## Your objective
Output all entries exactly as they appear and skip the pictures.
[Opening Input for this task section]
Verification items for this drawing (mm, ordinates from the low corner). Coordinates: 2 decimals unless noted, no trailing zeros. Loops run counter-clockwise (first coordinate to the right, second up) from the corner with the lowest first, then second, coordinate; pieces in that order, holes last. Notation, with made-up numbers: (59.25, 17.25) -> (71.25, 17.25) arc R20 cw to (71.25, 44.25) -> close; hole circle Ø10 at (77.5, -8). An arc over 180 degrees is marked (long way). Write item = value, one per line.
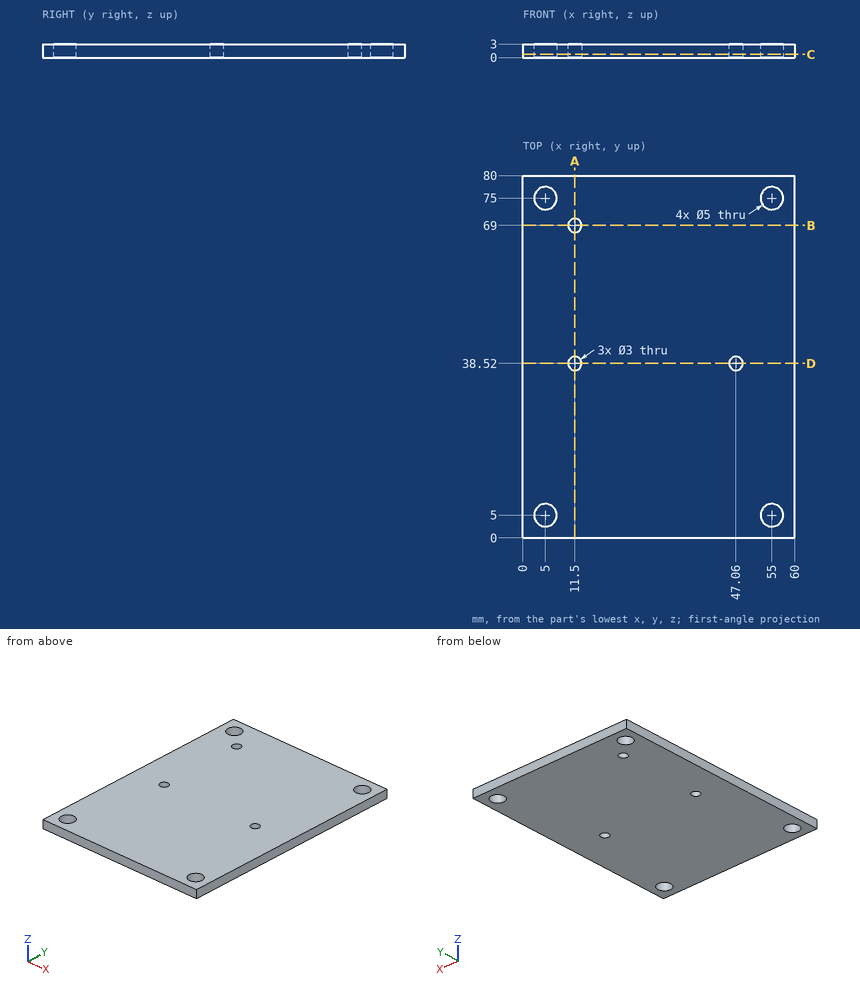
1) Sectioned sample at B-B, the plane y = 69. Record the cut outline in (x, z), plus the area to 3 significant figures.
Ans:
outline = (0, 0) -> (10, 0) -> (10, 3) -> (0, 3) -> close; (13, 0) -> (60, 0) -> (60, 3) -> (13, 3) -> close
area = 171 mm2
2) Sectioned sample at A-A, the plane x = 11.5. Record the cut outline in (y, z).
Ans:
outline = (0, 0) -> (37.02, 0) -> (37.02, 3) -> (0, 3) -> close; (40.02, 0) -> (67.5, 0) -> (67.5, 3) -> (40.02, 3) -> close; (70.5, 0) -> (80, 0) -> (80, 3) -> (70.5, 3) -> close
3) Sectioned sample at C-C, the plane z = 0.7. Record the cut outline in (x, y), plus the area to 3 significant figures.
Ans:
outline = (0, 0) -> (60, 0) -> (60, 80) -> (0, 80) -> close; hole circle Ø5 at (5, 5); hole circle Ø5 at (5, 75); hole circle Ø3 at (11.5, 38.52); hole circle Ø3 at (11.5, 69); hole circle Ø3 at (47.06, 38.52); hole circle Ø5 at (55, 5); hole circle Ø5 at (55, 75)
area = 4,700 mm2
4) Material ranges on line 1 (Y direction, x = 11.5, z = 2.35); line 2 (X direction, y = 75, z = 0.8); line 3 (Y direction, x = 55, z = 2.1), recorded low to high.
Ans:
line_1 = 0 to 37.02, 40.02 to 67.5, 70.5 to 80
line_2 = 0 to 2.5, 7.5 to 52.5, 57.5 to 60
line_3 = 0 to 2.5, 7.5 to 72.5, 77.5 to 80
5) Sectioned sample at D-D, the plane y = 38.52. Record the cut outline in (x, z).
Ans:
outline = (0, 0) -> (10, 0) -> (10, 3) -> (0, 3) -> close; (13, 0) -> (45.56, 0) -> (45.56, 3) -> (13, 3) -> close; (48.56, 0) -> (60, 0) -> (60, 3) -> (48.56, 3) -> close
[Closing Input for this task section]
## Solution
Verification items for this drawing (mm, ordinates from the low corner). Coordinates: 2 decimals unless noted, no trailing zeros. Loops run counter-clockwise (first coordinate to the right, second up) from the corner with the lowest first, then second, coordinate; pieces in that order, holes last. Notation, with made-up numbers: (59.25, 17.25) -> (71.25, 17.25) arc R20 cw to (71.25, 44.25) -> close; hole circle Ø10 at (77.5, -8). An arc over 180 degrees is marked (long way). Write item = value, one per line.
1) Sectioned sample at B-B, the plane y = 69. Record the cut outline in (x, z), plus the area to 3 significant figures.
Ans:
outline = (0, 0) -> (10, 0) -> (10, 3) -> (0, 3) -> close; (13, 0) -> (60, 0) -> (60, 3) -> (13, 3) -> close
area = 171 mm2
2) Sectioned sample at A-A, the plane x = 11.5. Record the cut outline in (y, z).
Ans:
outline = (0, 0) -> (37.02, 0) -> (37.02, 3) -> (0, 3) -> close; (40.02, 0) -> (67.5, 0) -> (67.5, 3) -> (40.02, 3) -> close; (70.5, 0) -> (80, 0) -> (80, 3) -> (70.5, 3) -> close
3) Sectioned sample at C-C, the plane z = 0.7. Record the cut outline in (x, y), plus the area to 3 significant figures.
Ans:
outline = (0, 0) -> (60, 0) -> (60, 80) -> (0, 80) -> close; hole circle Ø5 at (5, 5); hole circle Ø5 at (5, 75); hole circle Ø3 at (11.5, 38.52); hole circle Ø3 at (11.5, 69); hole circle Ø3 at (47.06, 38.52); hole circle Ø5 at (55, 5); hole circle Ø5 at (55, 75)
area = 4,700 mm2
4) Material ranges on line 1 (Y direction, x = 11.5, z = 2.35); line 2 (X direction, y = 75, z = 0.8); line 3 (Y direction, x = 55, z = 2.1), recorded low to high.
Ans:
line_1 = 0 to 37.02, 40.02 to 67.5, 70.5 to 80
line_2 = 0 to 2.5, 7.5 to 52.5, 57.5 to 60
line_3 = 0 to 2.5, 7.5 to 72.5, 77.5 to 80
5) Sectioned sample at D-D, the plane y = 38.52. Record the cut outline in (x, z).
Ans:
outline = (0, 0) -> (10, 0) -> (10, 3) -> (0, 3) -> close; (13, 0) -> (45.56, 0) -> (45.56, 3) -> (13, 3) -> close; (48.56, 0) -> (60, 0) -> (60, 3) -> (48.56, 3) -> close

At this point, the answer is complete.